Lieutenant Commander
Red Shirt
Since a lot of you have identified as introverts in various threads, I thought I would ask here. Were you always introverted? Do you feel it held you back?

My daughter is just like me, loud and brash and extroverted, popular, super involved in sports and clubs, etc.

My son is the opposite. He is pretty introverted. He has a neurological condition called Childhood Apraxia of Speech, so he has serious articulation issues, but he is very young and his peers have not noticed it as something that different yet. He is in intensive speech for it and I do not think this plays into his shyness and how introverted he is.

If this is just who he is and he will be very happy as an introvert, wonderful. All I want for my children is their health and happiness.

But, if not, I want to help him be more extroverted.
 
Sorry but I don’t have good news for you. Yes I do feel like it has held me back, everyone loves a loud mouth whether it’s getting dates, going for an interview, getting a promotion or just generally making friends. Sorry to put a downer on it. On the upside I do have a good job and I did Marry. Hopefully will have a better outlook for you.
 
Sorry but I don’t have good news for you. Yes I do feel like it has held me back, everyone loves a loud mouth whether it’s getting dates, going for an interview, getting a promotion or just generally making friends. Sorry to put a downer on it.

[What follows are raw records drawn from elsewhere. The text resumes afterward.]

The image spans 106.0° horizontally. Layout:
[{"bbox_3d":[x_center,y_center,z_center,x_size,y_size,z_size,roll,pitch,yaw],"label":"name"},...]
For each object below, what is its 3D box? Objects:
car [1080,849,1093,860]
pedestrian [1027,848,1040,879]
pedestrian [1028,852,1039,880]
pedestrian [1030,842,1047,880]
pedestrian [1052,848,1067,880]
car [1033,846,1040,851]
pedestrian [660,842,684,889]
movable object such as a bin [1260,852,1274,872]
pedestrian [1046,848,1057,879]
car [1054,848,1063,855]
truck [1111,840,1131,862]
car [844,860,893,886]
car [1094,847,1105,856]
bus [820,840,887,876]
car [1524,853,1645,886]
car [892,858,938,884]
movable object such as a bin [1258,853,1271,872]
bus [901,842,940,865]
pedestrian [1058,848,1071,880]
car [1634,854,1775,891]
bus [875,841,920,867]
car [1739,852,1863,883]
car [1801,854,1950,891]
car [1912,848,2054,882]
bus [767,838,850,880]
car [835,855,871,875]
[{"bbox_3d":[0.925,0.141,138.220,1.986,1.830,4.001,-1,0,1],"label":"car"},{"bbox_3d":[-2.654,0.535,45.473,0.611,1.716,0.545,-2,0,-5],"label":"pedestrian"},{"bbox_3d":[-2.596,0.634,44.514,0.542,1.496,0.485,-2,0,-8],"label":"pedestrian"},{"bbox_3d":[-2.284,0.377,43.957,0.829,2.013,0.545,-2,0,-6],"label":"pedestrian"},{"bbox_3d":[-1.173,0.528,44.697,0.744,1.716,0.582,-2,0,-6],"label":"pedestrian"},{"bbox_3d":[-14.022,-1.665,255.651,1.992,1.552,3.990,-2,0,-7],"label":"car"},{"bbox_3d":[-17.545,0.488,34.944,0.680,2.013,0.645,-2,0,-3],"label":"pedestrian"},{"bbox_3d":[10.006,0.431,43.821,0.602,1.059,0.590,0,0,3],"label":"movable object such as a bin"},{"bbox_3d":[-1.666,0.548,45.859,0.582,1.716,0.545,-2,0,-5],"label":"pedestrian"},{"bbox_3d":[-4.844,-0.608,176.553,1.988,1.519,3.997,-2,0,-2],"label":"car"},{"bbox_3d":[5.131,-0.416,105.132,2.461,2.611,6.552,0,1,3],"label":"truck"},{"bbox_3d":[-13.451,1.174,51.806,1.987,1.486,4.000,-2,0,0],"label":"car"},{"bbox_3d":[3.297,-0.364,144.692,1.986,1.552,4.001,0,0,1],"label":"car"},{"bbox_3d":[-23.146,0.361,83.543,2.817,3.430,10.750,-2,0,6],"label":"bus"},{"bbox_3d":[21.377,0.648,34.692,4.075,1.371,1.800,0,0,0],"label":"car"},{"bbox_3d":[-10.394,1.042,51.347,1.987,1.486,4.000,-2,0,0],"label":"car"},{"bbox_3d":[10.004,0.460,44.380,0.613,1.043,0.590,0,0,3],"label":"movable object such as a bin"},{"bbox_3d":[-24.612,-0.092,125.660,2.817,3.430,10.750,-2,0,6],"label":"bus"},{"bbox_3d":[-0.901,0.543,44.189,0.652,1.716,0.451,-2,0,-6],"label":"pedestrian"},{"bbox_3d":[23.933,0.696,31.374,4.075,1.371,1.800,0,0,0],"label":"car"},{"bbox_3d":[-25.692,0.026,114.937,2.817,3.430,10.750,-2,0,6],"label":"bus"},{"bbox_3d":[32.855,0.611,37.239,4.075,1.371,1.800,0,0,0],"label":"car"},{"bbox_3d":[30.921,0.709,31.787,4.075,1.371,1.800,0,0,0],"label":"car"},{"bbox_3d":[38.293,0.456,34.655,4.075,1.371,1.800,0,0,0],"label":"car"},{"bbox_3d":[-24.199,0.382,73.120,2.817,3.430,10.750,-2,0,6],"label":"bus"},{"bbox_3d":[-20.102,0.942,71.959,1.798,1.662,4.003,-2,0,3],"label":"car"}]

On the upside I do have a good job and I did Marry. Hopefully will have a better outlook for you.

I appreciate your honesty. Do you think there is anything that could have helped you be more extroverted? I don't think it is a confidence thing, he is pretty self-assured and is pretty fearless physically.
 
I appreciate your honesty. Do you think there is anything that could have helped you be more extroverted? I don't think it is a confidence thing, he is pretty self-assured and is pretty fearless physically.

No worries, I think It's a personality thing, I'm confident as hell professionally but try and get me into a room of people, even (sometimes especially) people I know for socialising and it's like you're pushing me into a burning building (I'm not exaggerating). I second @Sophie74656 comment about not trying to push us into that kind of situation.
 
I don't think it's introversion that holds us back so much as society's insistence that our introversion is a problem that needs to be fixed. With me, other children tended to assume I was a snob for not talking to them when I was just really shy. I was bullied for not fitting in, and the teachers always insisted that I, rather than the bullies, was the one who needed to change. If people had just understood that some of us are naturally introverted, if they'd accepted it and understood it, then maybe they would've made more allowances.

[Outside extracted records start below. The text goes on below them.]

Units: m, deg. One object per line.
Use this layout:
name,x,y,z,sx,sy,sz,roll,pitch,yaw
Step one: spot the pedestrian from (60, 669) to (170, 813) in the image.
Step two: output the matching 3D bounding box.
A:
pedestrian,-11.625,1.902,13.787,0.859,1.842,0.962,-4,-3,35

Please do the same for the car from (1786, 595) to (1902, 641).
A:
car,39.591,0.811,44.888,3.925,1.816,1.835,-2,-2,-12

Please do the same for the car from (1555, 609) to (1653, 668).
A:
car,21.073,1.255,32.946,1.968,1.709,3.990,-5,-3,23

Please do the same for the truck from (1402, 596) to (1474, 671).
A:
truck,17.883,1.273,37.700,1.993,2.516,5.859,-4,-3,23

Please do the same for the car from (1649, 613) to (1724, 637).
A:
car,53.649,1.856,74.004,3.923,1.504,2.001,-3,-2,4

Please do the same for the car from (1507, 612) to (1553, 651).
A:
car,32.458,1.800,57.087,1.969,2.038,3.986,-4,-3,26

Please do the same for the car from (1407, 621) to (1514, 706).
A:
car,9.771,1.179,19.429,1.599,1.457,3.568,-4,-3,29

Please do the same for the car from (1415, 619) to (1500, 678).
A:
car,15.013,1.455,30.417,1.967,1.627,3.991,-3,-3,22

It's entirely possible for introverts to form close and fulfilling friendships with people who are accepting and patient and willing to take the initiative, so there's no reason it should be seen as a defect or an impediment to quality of life. Indeed, I've always felt that though my friendships have been few, they were deeper and more meaningful as a result.

And we all have our own comfort levels. Some people revel in stimulation and crowds and intensity of experience. Me, I get very uncomfortable in large crowds, I can't tolerate really loud noises like at rock concerts, and you'd never get me on a roller coaster. But I can be really happy just having a quiet meal with a friend or hanging out in a park having a conversation or whatever. Some of my most comforting memories of being with my dearest friend in college were of just sitting quietly alone with her while she studied or napped, just being there with her and knowing I was welcome and accepted.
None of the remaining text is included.